Note the date, June 2009. Before Evergreen's launch.

So the implication being that AMD has something "new and exciting" planned around the June 2010 timeframe. Or at least that was their timeline last year.

That could match up with Huddy's comments that he expects AMD to have the performance edge for "most of the year." IE - they'll lose it to Nvidia between the GF100 launch and whenever this "new and exciting" thing is launched. And are expecting to regain the performance crown with the "new" thing.

Now if only AMD would pull an Nvidia and start paper launching that product now so we could start speculating.

Regards,
SB

 

[Squilliam]

Now if only AMD would pull an Nvidia and start paper launching that product now so we could start speculating.

Regards,
SB

Think of the trees! They wouldn't chop down evergreens to satisfy our need for paper specifications would they?

 

[rpg.314]

Interesting tidbits from Anand's Evergreen piece.

The move from TSMC to Global Foundries will surely challenge them once more.

The Northern Islands GPUs, due out later this year, were surely designed before anyone knew how RV870 would play out.
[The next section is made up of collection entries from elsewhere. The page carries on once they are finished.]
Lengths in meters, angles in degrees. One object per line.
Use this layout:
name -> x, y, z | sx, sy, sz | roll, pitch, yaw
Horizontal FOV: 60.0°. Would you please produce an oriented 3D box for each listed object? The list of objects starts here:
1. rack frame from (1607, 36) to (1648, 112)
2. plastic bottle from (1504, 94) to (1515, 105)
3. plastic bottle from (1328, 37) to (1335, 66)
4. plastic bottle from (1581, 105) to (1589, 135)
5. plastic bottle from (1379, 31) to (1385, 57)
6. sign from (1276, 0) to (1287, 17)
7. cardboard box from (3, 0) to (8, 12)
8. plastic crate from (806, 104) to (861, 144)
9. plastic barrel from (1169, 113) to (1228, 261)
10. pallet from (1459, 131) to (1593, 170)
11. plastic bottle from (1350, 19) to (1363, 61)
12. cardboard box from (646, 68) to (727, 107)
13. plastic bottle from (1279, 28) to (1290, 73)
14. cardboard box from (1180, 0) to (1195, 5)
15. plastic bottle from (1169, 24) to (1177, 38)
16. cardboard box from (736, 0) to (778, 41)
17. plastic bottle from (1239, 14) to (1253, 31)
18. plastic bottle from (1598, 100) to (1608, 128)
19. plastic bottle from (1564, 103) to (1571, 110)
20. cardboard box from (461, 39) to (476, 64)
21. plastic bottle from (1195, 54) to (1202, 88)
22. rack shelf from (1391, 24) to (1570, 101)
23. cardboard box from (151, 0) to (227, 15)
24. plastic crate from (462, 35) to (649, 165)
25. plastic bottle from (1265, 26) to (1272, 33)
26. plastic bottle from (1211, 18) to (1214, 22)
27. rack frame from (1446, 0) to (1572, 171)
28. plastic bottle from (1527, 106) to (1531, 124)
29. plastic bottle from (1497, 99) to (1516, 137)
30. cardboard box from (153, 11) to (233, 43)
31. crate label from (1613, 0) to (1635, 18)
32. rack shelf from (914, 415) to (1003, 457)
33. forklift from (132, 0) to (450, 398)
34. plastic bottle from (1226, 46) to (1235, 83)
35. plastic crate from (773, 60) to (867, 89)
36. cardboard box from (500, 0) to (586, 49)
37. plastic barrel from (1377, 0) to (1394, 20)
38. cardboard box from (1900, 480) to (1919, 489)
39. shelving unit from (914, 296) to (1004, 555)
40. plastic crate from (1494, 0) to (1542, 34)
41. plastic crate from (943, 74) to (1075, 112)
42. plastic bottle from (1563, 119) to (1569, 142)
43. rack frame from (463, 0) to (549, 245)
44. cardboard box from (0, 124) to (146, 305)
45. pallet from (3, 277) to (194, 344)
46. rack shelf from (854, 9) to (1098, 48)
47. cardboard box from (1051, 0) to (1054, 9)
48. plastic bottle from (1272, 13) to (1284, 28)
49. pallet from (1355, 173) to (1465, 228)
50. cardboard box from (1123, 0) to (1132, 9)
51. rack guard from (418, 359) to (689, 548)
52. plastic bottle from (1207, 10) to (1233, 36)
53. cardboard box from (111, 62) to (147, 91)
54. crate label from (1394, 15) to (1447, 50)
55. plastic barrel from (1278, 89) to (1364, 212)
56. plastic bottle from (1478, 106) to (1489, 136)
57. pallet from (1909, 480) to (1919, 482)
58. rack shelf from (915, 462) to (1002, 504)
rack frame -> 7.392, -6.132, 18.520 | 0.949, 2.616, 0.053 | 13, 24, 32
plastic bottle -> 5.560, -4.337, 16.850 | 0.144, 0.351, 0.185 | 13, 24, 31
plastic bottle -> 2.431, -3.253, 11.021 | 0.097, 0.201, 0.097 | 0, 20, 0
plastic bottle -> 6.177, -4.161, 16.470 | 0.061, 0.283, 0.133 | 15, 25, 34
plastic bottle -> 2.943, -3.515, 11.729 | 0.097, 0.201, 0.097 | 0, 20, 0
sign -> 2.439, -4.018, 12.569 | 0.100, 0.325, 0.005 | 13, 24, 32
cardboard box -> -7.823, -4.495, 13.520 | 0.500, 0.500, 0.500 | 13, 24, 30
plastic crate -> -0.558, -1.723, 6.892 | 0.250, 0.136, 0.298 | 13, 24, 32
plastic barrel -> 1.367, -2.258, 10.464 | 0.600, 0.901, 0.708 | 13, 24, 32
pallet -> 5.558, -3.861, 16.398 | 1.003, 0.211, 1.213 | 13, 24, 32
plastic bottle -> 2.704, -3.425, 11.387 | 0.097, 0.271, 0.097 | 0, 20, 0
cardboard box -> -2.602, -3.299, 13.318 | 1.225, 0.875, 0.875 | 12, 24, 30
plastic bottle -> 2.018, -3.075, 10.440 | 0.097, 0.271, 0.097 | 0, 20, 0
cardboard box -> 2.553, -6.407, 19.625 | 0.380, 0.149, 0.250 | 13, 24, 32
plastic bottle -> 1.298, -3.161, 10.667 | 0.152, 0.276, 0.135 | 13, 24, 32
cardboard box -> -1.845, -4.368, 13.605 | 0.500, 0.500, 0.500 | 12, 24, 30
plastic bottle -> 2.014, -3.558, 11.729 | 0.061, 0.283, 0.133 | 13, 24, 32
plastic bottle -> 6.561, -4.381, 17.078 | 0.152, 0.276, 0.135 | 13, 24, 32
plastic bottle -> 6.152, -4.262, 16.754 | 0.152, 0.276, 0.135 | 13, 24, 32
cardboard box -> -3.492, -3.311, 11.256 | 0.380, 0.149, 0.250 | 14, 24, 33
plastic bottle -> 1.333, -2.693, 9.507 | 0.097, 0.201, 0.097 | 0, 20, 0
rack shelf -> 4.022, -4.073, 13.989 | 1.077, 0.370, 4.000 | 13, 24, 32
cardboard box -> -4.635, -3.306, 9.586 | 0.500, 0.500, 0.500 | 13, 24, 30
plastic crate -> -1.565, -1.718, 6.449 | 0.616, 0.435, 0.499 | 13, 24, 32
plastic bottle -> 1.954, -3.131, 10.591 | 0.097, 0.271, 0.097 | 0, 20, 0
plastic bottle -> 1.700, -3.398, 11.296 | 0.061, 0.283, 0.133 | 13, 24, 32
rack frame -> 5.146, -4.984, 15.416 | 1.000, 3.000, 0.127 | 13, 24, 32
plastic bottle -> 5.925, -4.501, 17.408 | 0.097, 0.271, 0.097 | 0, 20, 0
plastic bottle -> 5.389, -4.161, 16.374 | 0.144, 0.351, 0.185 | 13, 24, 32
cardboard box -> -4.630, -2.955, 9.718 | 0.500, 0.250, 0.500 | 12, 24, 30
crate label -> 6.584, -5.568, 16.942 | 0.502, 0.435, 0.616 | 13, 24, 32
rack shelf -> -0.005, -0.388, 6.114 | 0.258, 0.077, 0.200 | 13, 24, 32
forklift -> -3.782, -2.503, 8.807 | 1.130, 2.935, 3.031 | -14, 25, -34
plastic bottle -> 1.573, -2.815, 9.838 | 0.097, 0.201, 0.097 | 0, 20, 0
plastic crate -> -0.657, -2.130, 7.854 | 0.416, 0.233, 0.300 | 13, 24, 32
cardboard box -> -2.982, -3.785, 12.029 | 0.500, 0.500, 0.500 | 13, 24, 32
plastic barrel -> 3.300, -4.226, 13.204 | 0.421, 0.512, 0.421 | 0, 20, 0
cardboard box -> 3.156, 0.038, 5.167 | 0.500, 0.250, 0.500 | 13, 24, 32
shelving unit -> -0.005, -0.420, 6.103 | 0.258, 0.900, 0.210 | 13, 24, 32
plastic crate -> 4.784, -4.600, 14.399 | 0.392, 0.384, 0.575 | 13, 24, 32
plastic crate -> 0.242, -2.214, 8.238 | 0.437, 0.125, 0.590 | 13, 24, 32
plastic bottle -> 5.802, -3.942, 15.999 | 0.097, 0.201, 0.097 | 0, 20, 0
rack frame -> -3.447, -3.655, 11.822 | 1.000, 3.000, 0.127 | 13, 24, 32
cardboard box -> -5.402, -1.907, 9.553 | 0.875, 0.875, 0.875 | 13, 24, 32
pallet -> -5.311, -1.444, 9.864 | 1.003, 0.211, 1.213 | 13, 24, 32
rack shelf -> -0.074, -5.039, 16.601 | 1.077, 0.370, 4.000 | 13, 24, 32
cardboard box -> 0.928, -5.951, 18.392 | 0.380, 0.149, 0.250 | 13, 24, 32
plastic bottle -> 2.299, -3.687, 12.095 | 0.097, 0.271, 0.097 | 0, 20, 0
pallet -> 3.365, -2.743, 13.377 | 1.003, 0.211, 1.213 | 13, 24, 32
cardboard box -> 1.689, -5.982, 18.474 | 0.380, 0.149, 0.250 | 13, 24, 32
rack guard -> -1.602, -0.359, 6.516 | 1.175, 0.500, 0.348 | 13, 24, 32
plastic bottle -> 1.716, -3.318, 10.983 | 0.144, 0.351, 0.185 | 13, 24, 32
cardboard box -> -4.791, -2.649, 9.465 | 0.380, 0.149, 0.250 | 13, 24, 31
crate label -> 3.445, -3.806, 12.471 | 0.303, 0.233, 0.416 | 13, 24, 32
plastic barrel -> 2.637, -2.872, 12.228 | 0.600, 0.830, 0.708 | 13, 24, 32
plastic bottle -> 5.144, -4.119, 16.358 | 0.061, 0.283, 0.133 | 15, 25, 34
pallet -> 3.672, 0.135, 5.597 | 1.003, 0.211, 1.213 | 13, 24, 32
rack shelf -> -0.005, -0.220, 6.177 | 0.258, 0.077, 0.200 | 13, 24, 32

Considering the way GF is pimping it's HKMG and is promising customers' announcements in Q1 2010, I am betting that NI will be on 28nm @ GF.

NI might have been designed before RV870 came to market, but my guess is that it's design process began after RV770's launch.
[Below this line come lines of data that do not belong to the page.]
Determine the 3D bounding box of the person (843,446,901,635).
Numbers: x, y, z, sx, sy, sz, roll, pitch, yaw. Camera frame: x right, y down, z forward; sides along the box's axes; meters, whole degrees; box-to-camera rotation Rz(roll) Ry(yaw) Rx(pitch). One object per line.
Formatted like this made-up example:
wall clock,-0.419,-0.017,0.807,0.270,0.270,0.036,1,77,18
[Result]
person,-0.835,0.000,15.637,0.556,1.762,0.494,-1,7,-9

Seen in the light of TSMC->GF transition, it is a possibility that the rumored 5860, 5880, 5990 are on GF's 40nm process. This will help them get setup on the new foundry and then let them use the experience for NI, much like rv740 was a pipe-cleaner for evergreen.

 

[wishiknew]

Wonder if ATI will surprise us with small, big or Nvidia big for NI.

 

[Jawed]

If Carrell is this enthusiastic about sideport then I take that as an indication that he thinks AFR sucks.

Of course it also means sideport/multi-chip discussions, silly as they've often been, have life in them.

Jawed

 

[Silent_Buddha]

If Carrell is this enthusiastic about sideport then I take that as an indication that he thinks AFR sucks.
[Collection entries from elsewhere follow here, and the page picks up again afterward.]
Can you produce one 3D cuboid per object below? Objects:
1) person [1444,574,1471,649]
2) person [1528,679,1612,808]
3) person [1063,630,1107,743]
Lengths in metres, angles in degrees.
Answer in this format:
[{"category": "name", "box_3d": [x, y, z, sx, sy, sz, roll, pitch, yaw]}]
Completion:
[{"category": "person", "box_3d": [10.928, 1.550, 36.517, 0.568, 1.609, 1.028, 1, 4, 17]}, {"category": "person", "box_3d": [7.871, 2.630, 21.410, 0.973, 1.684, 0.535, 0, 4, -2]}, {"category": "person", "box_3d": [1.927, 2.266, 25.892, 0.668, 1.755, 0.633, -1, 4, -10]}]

I hope so, I hate Crossfire/SLI due to AFR, not the fact that it is multi-GPU. I still remain hopeful that multi-GPU will eventually be attractive to me, but as long as it remains AFR, it's a complete and total non-starter for me.

Regards,
SB

 

[JasonCross]

If Carrell is this enthusiastic about sideport then I take that as an indication that he thinks AFR sucks.

Of course it also means sideport/multi-chip discussions, silly as they've often been, have life in them.

Jawed

It's not that AFR "sucks" per se, just that it's rather limited. It works well only when you have two symmetric GPUs. Consider that forthcoming AMD CPUs are going to have integrated graphics, and they'd love to use that for a little extra boost to graphics performance when you're using a discrete GPU. You certainly can't do AFR when you have a 4x or 8x or greater performance difference between the two GPUs.

It wouldn't surprise me to see ATI invest quite a bit in new forms of mutli-GPU rendering over the coming year.